Based on information available on the Mine Safety & Health Administration’s (MSHA) website, six mine fatalities have already occurred in 2022. All six reportedly happened in January, with two occurring at aggregate operations. Three took place in coal mines and one in a copper ore mine.

Last year at this time, four mine fatalities had occurred based on MSHA data.

MSHA has not put out an official count on 2021 mine fatalities, but the agency has 36 individual fatality reports on its website for last year alone. If that count – or anywhere near it – stands as last year’s official total, then 2021 will mark the first time mine fatalities reached 30 or more since 2014. Forty-six fatalities occurred that year – 30 in metal/nonmetal, and 16 in coal.

Between 2015 and 2019, mine fatalities always finished in the 25 to 29 range. Metal/nonmetal-specific fatalities reached an all-time low of 13 in 2017, but that figure crept up to 24 in 2020. Again, MSHA has not released an official breakdown of 2021 fatalities by category (metal/nonmetal, coal), but a tally of the 36 reports online would indicate that 26 happened in metal/nonmetal mines.

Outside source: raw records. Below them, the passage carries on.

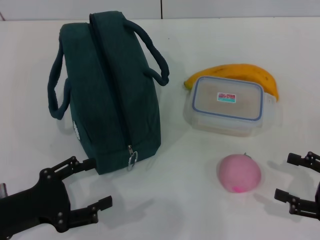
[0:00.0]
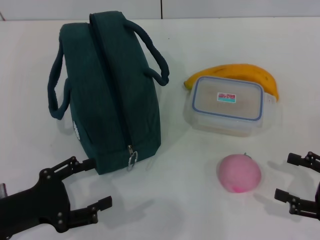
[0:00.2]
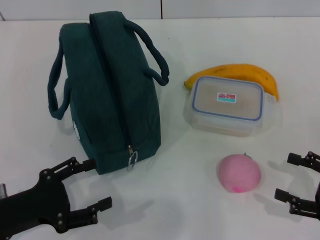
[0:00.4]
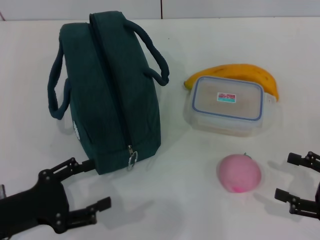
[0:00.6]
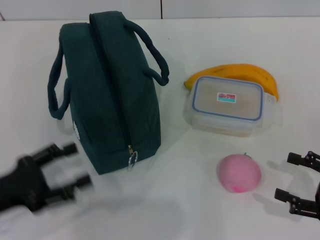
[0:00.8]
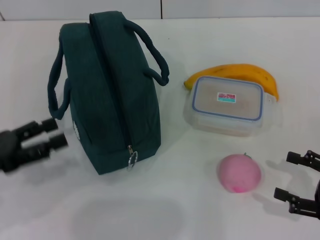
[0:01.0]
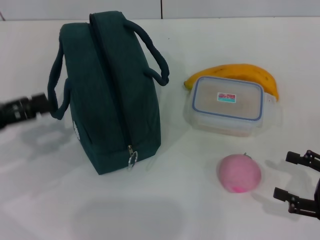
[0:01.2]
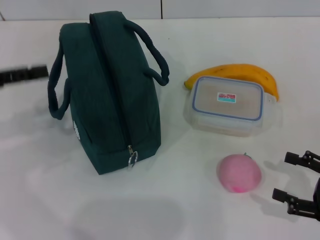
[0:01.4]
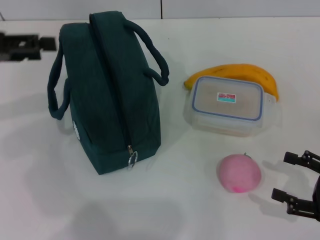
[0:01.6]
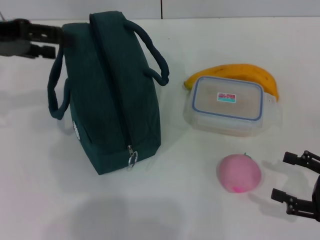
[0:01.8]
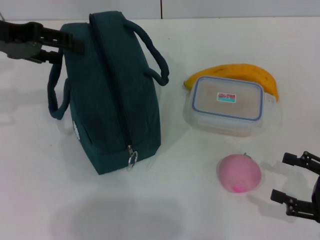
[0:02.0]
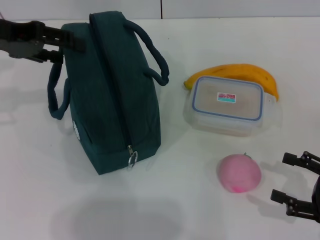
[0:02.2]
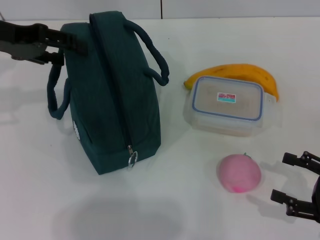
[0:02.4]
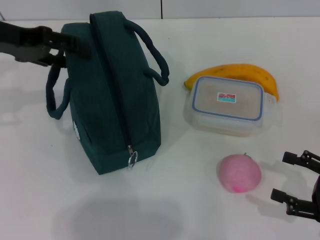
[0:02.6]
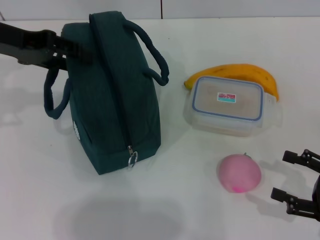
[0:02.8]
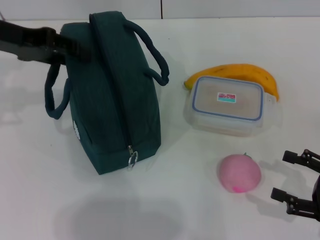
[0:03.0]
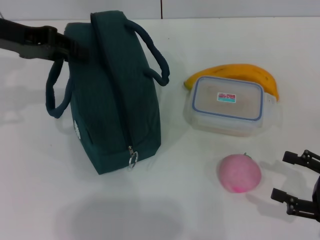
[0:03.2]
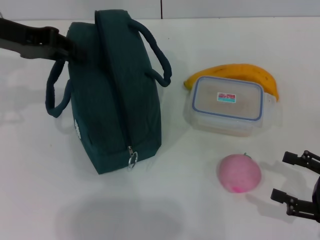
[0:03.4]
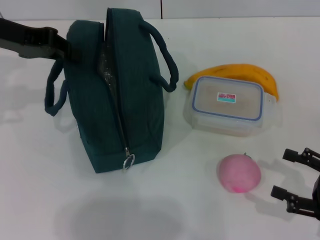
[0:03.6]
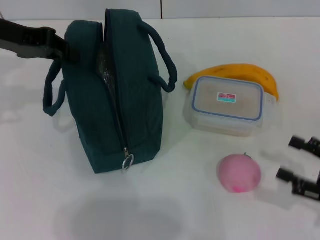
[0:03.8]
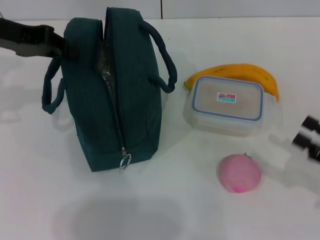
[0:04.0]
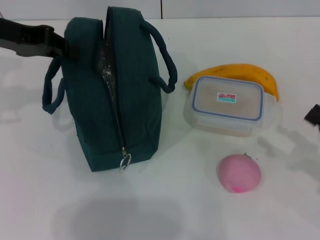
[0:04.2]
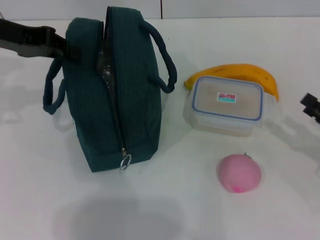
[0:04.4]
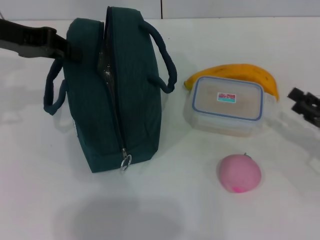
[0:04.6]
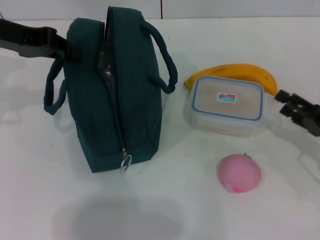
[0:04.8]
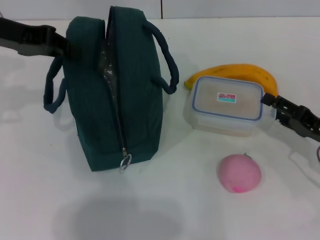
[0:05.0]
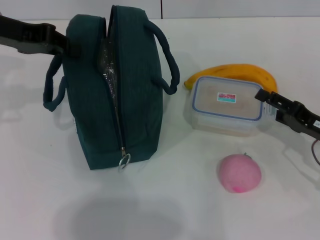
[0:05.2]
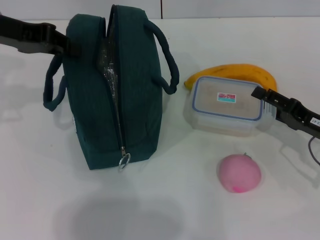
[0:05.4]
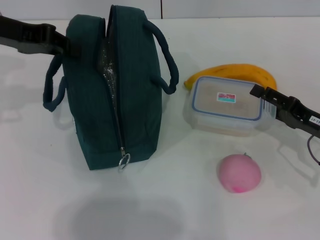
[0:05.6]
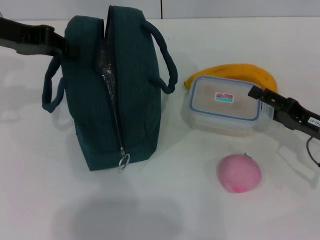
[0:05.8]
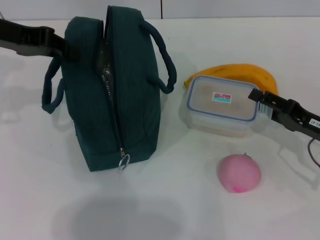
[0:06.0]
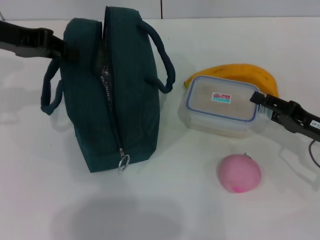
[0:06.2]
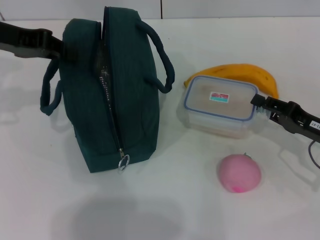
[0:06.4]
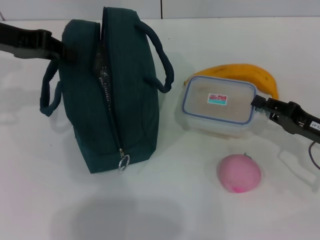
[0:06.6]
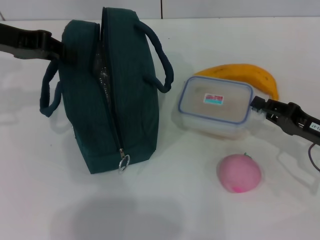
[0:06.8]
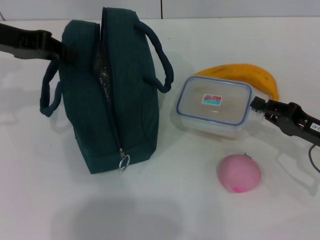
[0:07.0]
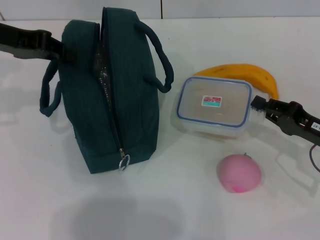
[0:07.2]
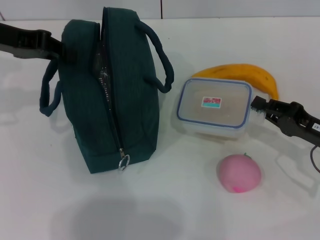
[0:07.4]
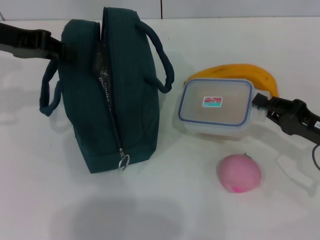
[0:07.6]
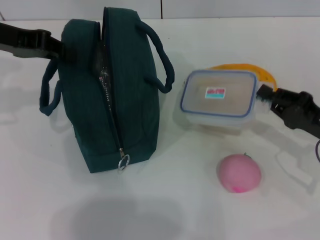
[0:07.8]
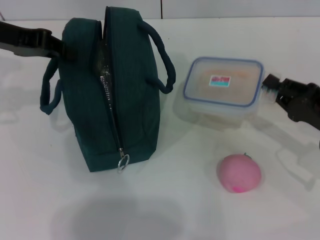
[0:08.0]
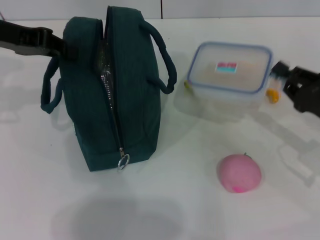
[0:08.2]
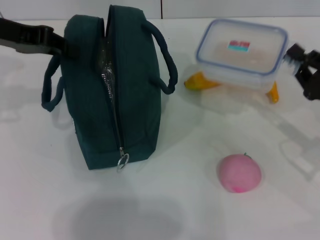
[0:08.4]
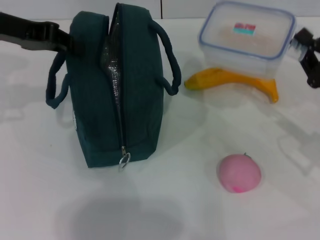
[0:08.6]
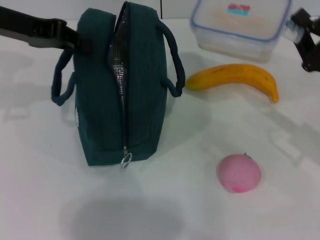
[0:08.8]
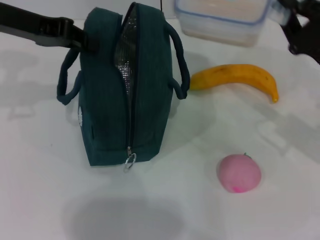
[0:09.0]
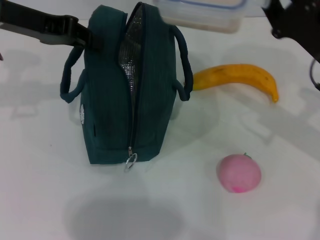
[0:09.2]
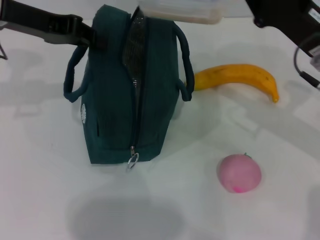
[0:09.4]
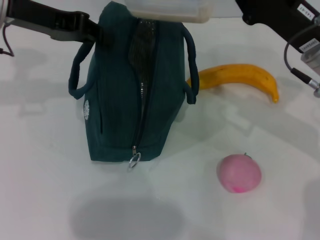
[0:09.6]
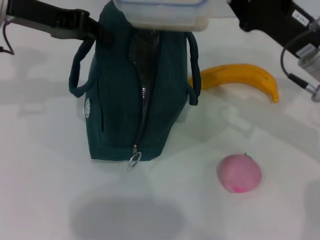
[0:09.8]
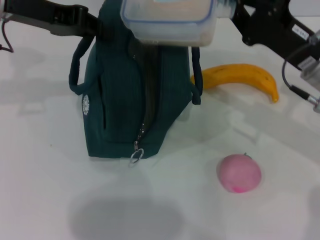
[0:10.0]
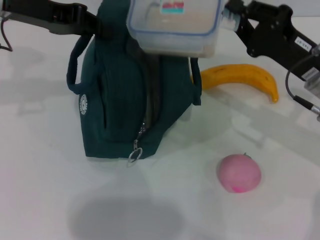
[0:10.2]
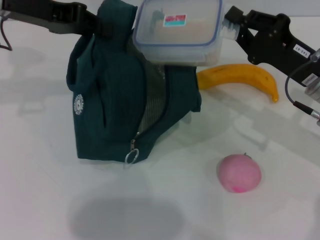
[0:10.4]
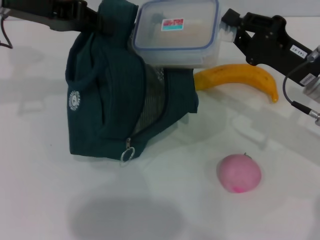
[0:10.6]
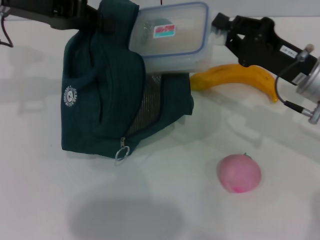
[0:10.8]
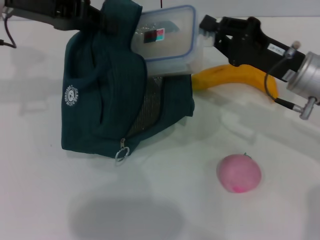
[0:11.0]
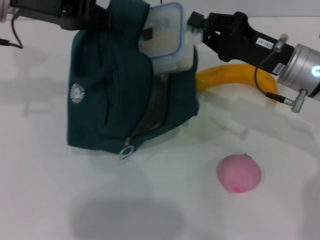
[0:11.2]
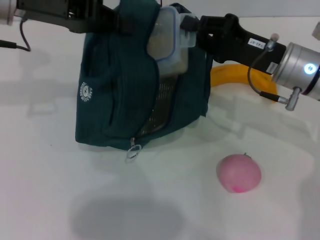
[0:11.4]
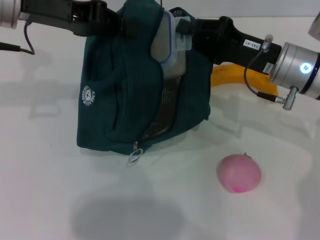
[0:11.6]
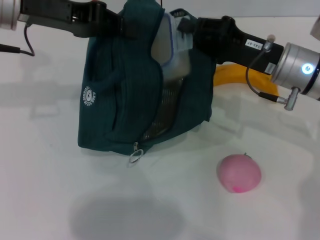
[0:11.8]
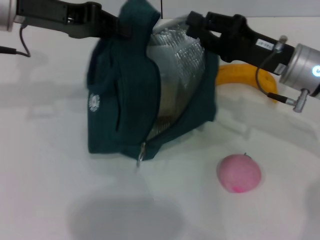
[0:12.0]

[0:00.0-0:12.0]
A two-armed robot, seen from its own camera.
Step, 0:00.0 to 0:04.0: Hold the lunch bag with your left hand.
Step, 0:04.2 to 0:06.8: Pick up the lunch box with your right hand.
Step, 0:07.0 to 0:11.8: Place the lunch box into the lunch bag with your right hand.
0:00.0 to 0:01.6: The left gripper moves upward and forward, approximately 25 cm.
0:01.6 to 0:03.0: The left gripper goes some 10 cm to the right and forward.
0:03.0 to 0:04.4: The left gripper closes up.
0:04.4 to 0:06.0: The right gripper goes approximately 10 cm forward and to the left.
0:06.0 to 0:07.6: The right gripper closes.
0:07.6 to 0:09.0: The right gripper goes approximately 5 cm upward.

MSHA classified two of this year’s six mine fatalities as powered haulage accidents. Powered haulage is currently an area of focus for the agency, which proposed a rule in 2021 for surface mobile equipment safety programs.

Kevin Yanik

About the Author:

Kevin Yanik is editor-in-chief of Pit & Quarry. He can be reached at 216-706-3724 or kyanik@northcoastmedia.net.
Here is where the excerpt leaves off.